In a bipolar transistor at room temperature if the emitter current is doubled the voltage its junction across base-emitter (for η = 1): 

In a BJT emitter current is doubled and one has to find the base emitter voltage, so we consider the p-n junction formed by emitter and base.

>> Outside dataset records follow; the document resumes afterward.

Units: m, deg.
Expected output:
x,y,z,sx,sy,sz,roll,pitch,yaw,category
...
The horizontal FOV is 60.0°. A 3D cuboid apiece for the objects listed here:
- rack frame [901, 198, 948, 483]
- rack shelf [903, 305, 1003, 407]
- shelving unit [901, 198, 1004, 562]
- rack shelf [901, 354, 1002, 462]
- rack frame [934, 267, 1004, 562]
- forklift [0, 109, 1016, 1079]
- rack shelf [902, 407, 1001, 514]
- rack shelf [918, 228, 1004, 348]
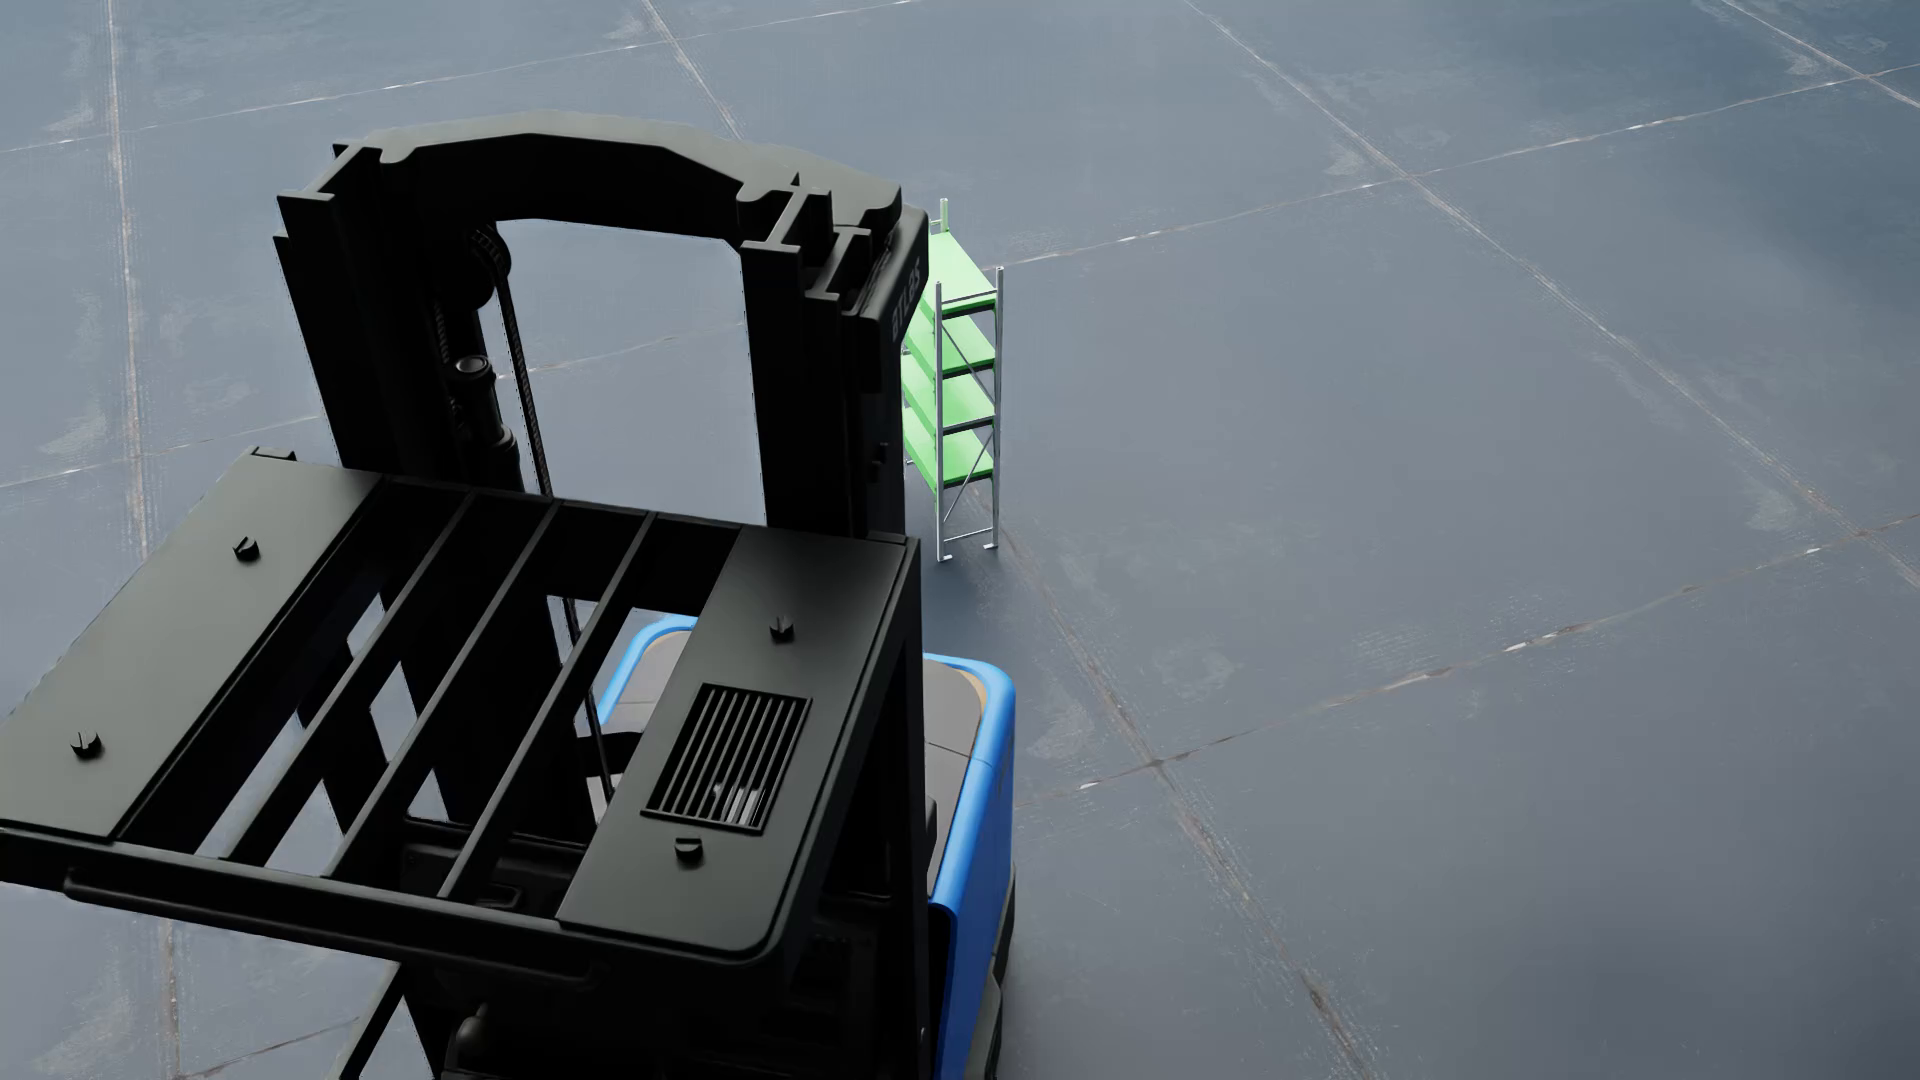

The junction current is given by

\(\rm I_e=I_0(e^{Vb_e/η V_T}-1)\)

Given the current is doubled 

So, \(\rm \frac{2I_1}{I_1}=\frac{I_0[e^{Vb_{e2}/η V_T}-1]}{I_0[e^{Vb_{e1}/η V_T}-1]}\)

or \(\rm \frac{2}{1}=\frac{e^{Vb_{e2}/η V_T}-1}{e^{Vb_{e2}/η V_T}-1}\)

Since, \(\rm e^{Vb_{e2}/η V_T}>>1\)

\(\rm e^{Vb_{e1}/η V_T}>>1\)

Then \(\rm e^{(V_{be2}-V_{be1})/η V_T}=2\)

or, \(\rm (V_{be2}-V_{be1})=η V_T ln2\)

Taking η =1

V_be2 - V_be1 = 1 × 0.026 × 0.693

= 18 mV